| Task goal |
There are pictures in the records below; leave them out and set down exactly the lines from the one holding "Locate the sofa" through the one holding "Locate the chair (99,133,380,433)".
|---|
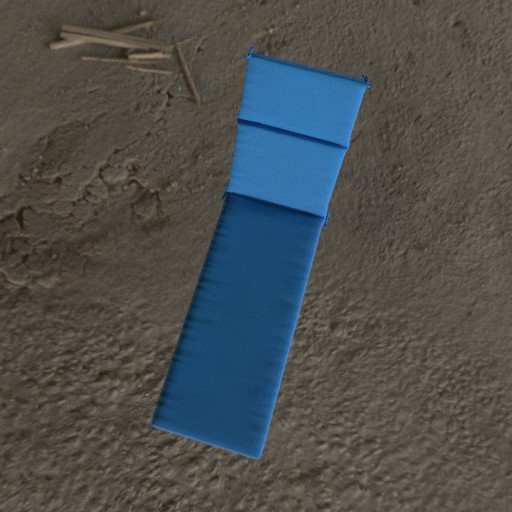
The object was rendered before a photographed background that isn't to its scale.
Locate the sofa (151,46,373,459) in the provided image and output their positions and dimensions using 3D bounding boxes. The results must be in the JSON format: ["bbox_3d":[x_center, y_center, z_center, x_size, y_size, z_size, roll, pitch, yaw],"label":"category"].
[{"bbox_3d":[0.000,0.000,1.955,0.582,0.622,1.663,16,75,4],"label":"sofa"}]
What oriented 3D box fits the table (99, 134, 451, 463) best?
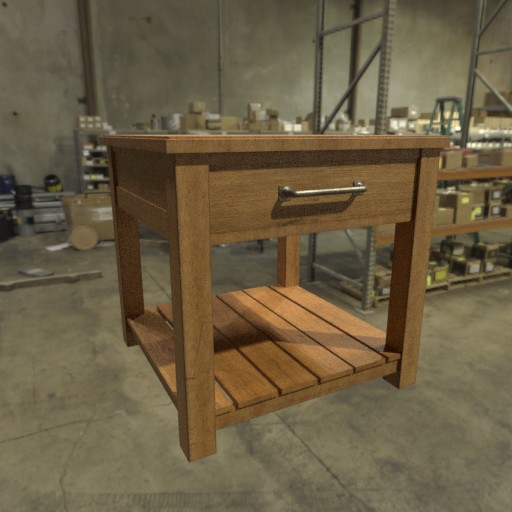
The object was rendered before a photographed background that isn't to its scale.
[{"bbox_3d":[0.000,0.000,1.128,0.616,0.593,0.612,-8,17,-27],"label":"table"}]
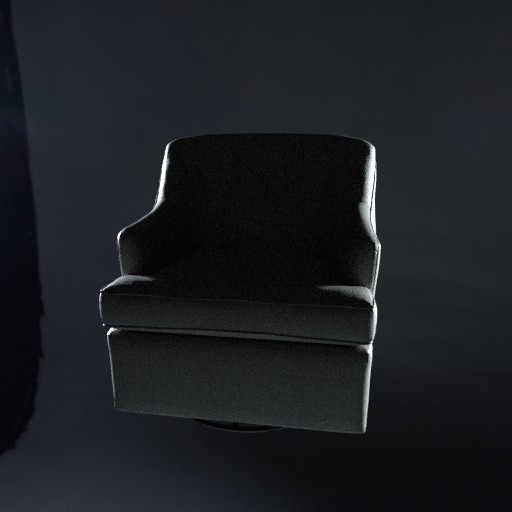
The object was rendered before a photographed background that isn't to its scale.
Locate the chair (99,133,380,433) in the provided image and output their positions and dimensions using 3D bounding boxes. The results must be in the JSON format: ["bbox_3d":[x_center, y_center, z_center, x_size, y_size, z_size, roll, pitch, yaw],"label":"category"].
|---|
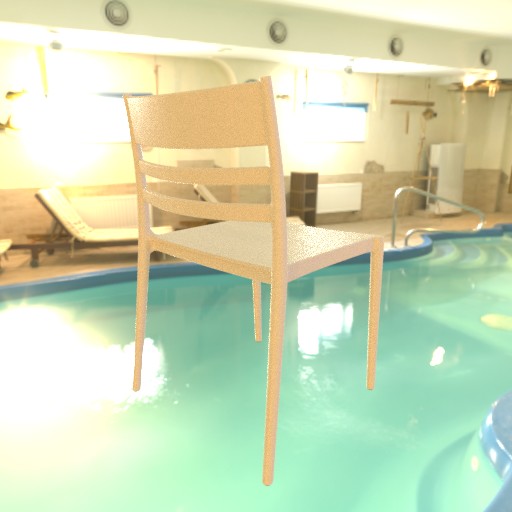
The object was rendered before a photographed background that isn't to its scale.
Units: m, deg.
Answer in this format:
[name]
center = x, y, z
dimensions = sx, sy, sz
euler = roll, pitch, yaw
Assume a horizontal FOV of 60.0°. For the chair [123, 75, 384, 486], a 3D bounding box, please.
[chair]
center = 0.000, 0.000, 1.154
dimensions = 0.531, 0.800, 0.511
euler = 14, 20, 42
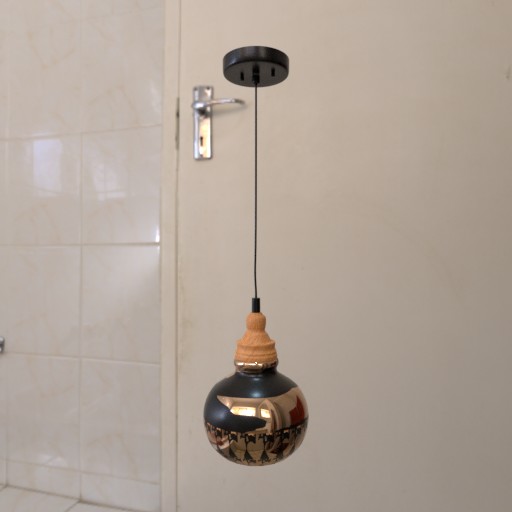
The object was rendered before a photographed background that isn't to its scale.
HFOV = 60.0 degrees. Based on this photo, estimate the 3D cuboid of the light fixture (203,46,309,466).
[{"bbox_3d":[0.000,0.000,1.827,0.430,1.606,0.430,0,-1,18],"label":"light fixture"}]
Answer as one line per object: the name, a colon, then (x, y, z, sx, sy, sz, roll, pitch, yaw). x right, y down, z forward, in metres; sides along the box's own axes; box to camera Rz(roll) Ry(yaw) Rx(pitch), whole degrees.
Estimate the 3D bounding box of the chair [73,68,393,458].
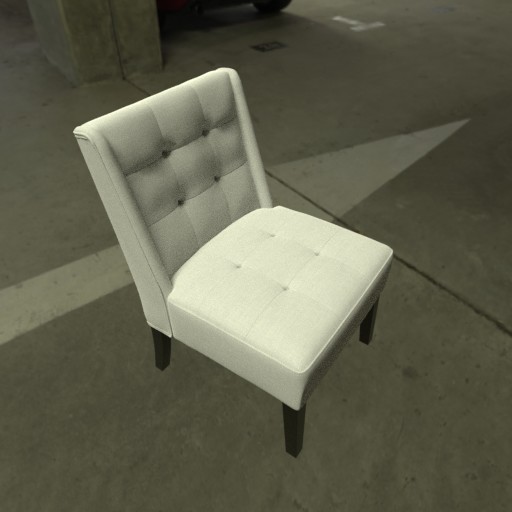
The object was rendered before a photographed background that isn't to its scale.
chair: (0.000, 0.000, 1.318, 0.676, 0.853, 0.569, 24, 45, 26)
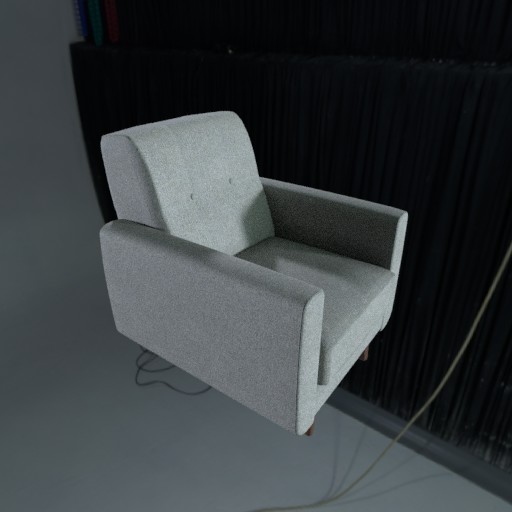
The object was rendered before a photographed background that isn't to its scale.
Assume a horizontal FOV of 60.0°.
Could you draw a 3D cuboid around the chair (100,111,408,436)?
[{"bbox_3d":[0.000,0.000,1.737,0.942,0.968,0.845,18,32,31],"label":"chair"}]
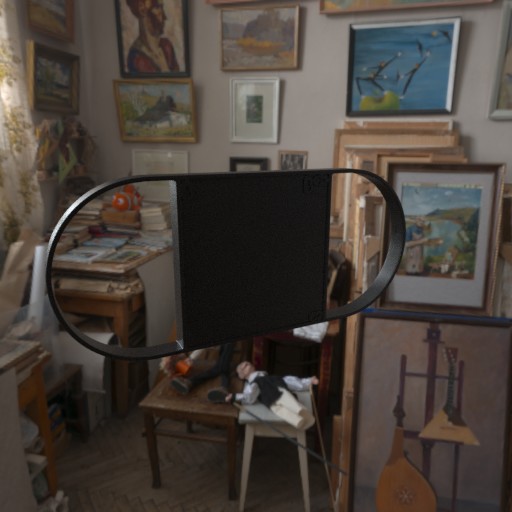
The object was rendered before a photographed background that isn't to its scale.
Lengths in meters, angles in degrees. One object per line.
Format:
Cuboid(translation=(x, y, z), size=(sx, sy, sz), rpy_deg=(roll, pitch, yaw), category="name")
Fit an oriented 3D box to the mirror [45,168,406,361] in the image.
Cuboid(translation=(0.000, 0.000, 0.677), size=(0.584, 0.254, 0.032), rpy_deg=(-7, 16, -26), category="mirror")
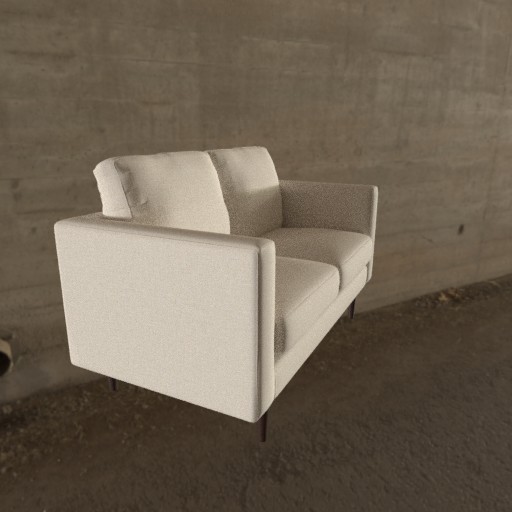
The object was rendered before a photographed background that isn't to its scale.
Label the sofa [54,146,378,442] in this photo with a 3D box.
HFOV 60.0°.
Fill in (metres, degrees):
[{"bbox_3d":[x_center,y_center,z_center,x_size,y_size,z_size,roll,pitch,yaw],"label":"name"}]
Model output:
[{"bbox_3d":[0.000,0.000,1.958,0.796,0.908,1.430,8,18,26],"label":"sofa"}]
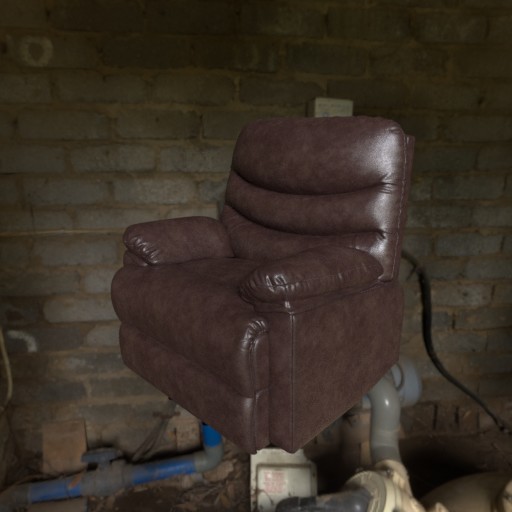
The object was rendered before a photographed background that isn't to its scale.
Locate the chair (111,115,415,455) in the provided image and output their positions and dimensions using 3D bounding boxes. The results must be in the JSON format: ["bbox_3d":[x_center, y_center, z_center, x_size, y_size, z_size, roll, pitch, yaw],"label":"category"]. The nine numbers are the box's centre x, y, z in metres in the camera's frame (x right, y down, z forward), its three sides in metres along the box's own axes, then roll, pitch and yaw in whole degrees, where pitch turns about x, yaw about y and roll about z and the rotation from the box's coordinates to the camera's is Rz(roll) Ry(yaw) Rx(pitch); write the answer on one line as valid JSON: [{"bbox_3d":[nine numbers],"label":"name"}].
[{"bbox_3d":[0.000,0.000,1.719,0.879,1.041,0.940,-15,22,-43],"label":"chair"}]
|---|
| Written solution |
Locate the sofa (151,46,373,459) in the provided image and output their positions and dimensions using 3D bounding boxes. The results must be in the JSON format: ["bbox_3d":[x_center, y_center, z_center, x_size, y_size, z_size, roll, pitch, yaw],"label":"category"].
[{"bbox_3d":[0.000,0.000,1.955,0.582,0.622,1.663,16,75,4],"label":"sofa"}]
What oriented 3D box fits the table (99, 134, 451, 463) best?
The object was rendered before a photographed background that isn't to its scale.
[{"bbox_3d":[0.000,0.000,1.128,0.616,0.593,0.612,-8,17,-27],"label":"table"}]
The object was rendered before a photographed background that isn't to its scale.
Locate the chair (99,133,380,433) in the provided image and output their positions and dimensions using 3D bounding boxes. The results must be in the JSON format: ["bbox_3d":[x_center, y_center, z_center, x_size, y_size, z_size, roll, pitch, yaw],"label":"category"].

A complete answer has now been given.